It has long been rumored that the late Swedish author Stieg Larsson, who penned the phenomenally popular Millennium Trilogy (The Girl with the Dragon Tattoo and its two best-selling follow-ups), had written a further sequel before his sudden death at age 50. (Watch a CBS report about the "Millennium" phenomenon.) Now, his family has confirmed the existence of an unpublished manuscript, raising the question: Will fans ever get to read it? Here, a brief guide to the tantalizing find:
So there is, in fact, another book?
Three-quarters of one, according to the author's brother, but it's not the book you'd expect. Joakin Larsson tells CBS News that Stieg sent him an email 10 days before he died (on Nov. 9, 2004, from a heart attack) announcing that another book was almost finished. The twist: Stieg Larrson had apparently decided to jump ahead in the series and write the fifth installment "because he thought that was more fun to write than book number four." The New York Times' Julie Bosman says: "The disclosure — should it be true — adds another turn to an already twisty personal story that is nearly as complicated as the plots of the Swedish crime mysteries that Mr. Larsson wrote."
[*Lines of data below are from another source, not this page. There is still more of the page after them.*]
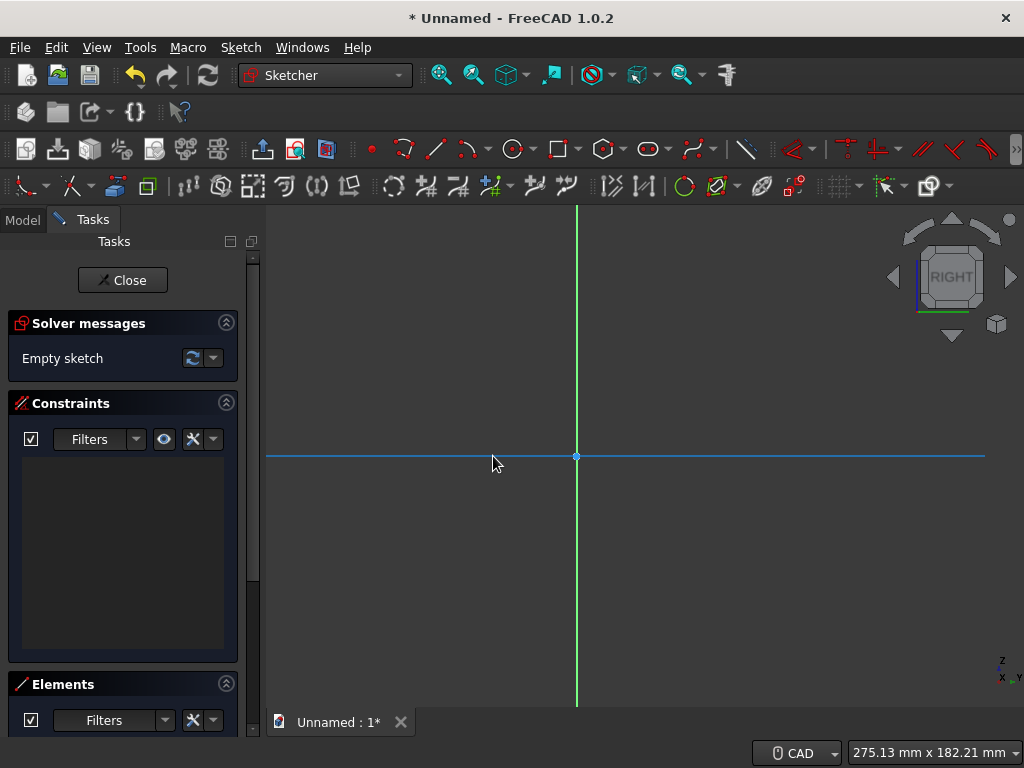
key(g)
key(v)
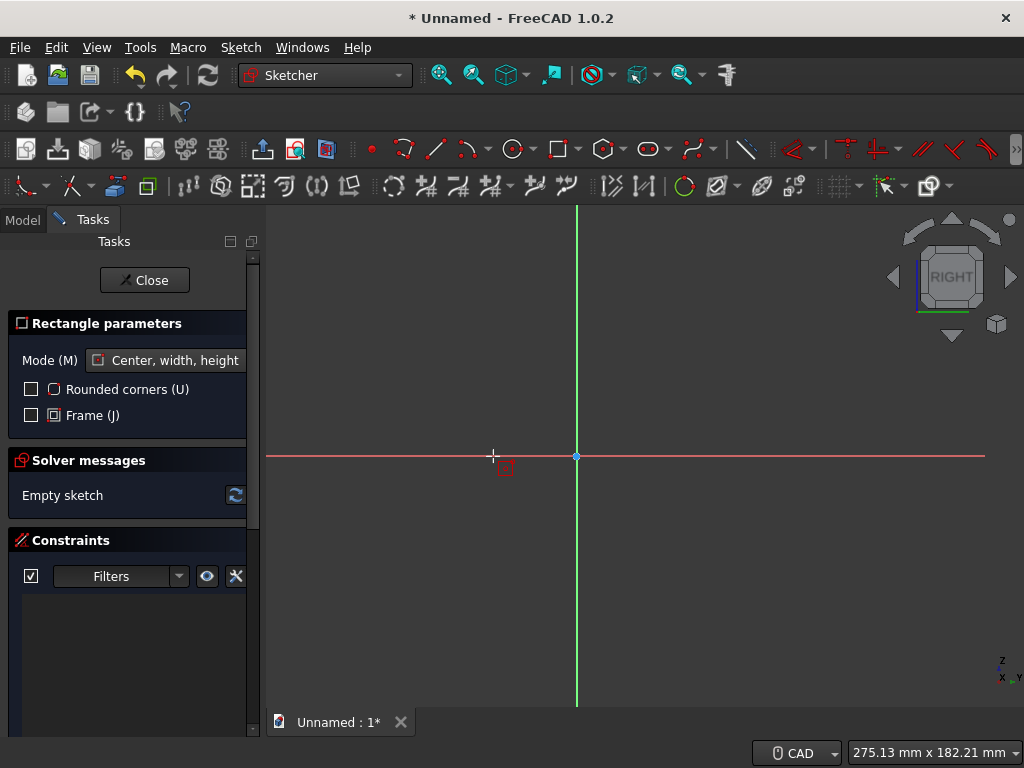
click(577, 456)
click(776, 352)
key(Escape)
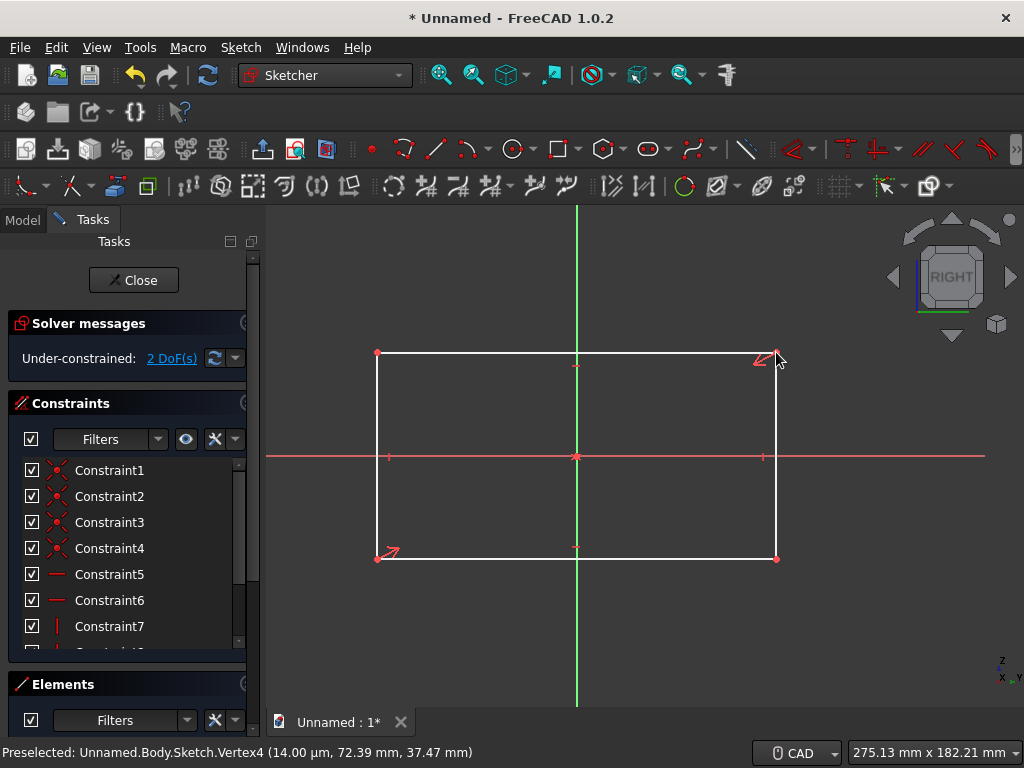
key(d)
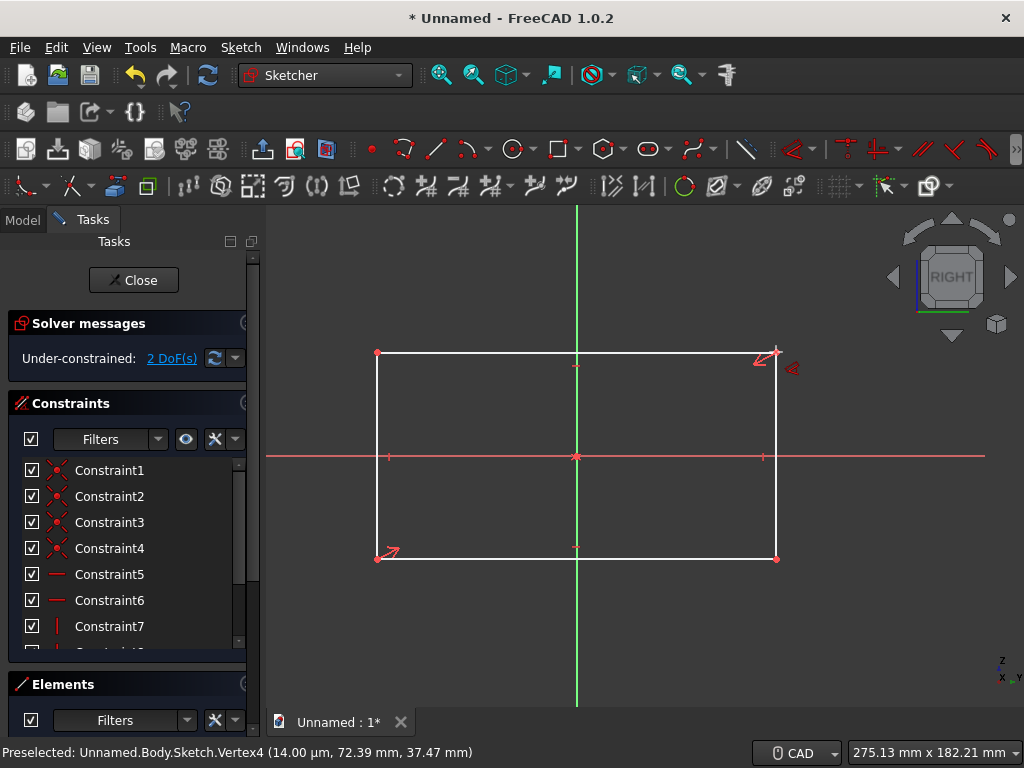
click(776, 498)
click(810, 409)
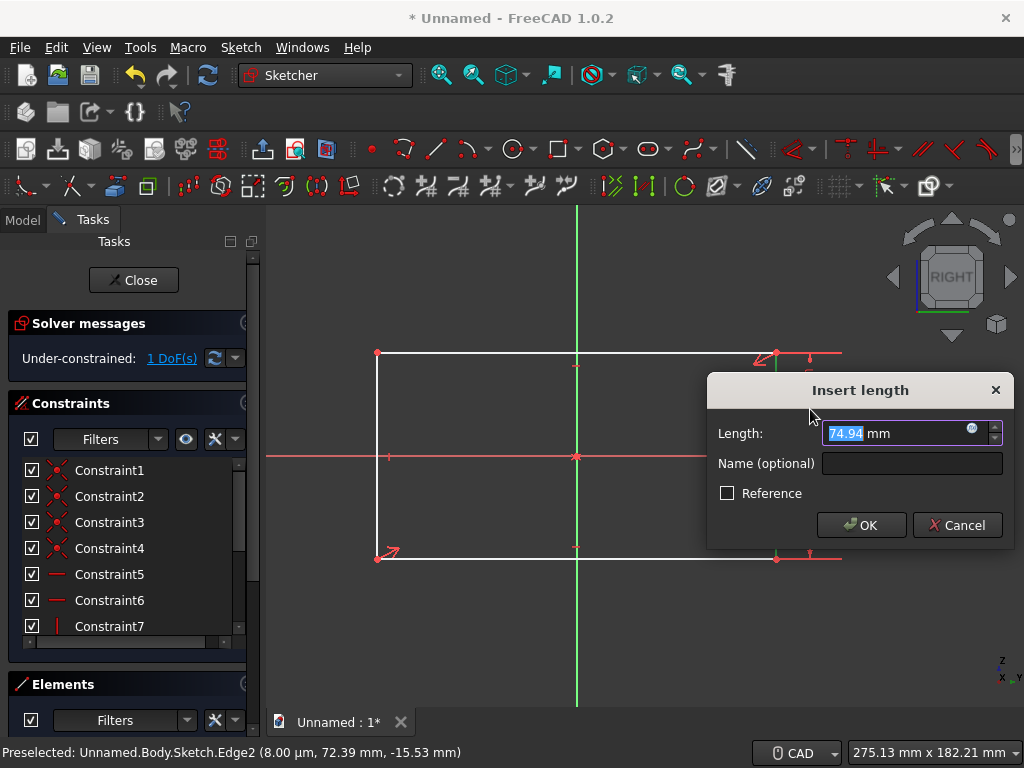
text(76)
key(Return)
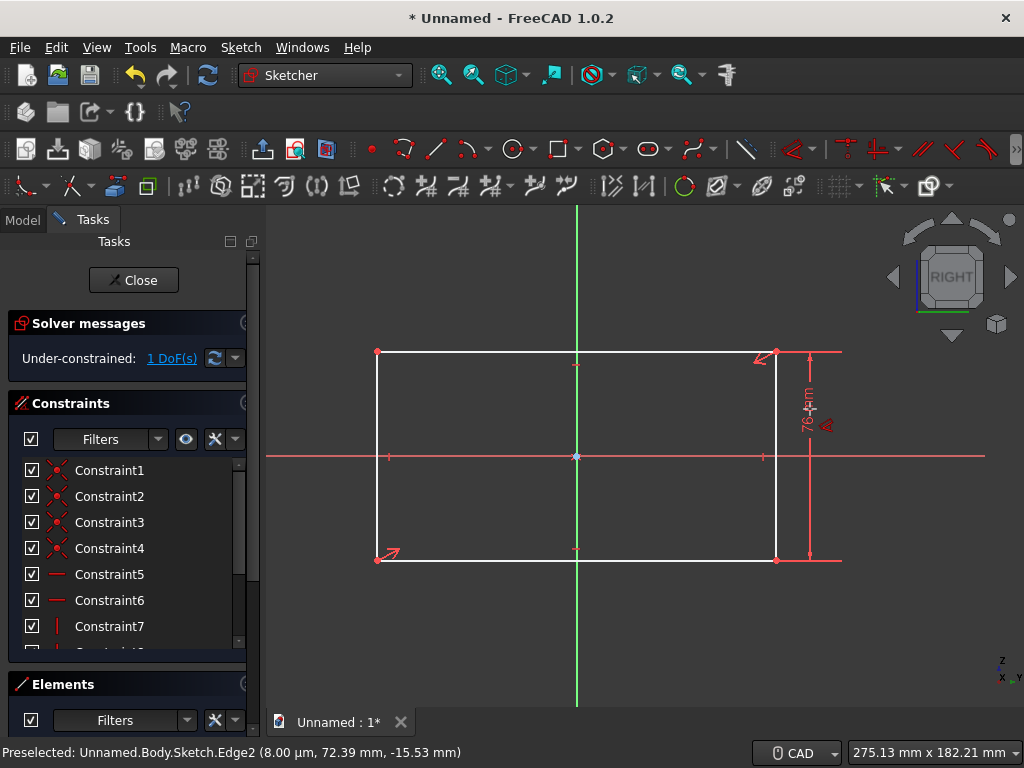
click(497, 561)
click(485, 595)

How many Millennium books did Stieg intend to write?
It is widely reported that Stieg planned to publish 10 books in the series.
Will the new manuscript be published?
Not at this point, anyway, due to a "bitter dispute" between the Larsson family and the author's longtime partner, Eva Gabrielsson. Although Gabrielsson lived with Larsson for more than 30 years, the two never married, and so, under Swedish law, his estate and the rights to his books reverted to his family. Gabrielsson is now fighting in court for her share of the Millennium profits.
Who has the manuscript now?
Reportedly, it's in Gabrielsson's possession, but she has no right to publish it. Stieg's father, Erland, says he has "held it for a couple of seconds" but did not read it.
Do we know anything about its content?
Gabrielsson has refused to discuss the matter. Stieg's friend John-Henri Holmberg — the only other person known to have any insights — says he received an email from the author less than a month before his death discussing the book's setting, a remote island in the Canadian Arctic Archipelago. "The plot is set 120 kilometers north of Sachs Harbour, at Banks Island in the month of September," the email reportedly reads. "Did you know that 134 people live in Sachs Harbour, whose only contact with the world is a postal plane twice a week when the weather permits?... But there are 48,000 musk-ox and 80 different types of wild flowers that bloom during two weeks in early July, as well as an estimated 1,500 polar bears." According to the email, Stieg had written 320 pages of the projected 440-page book.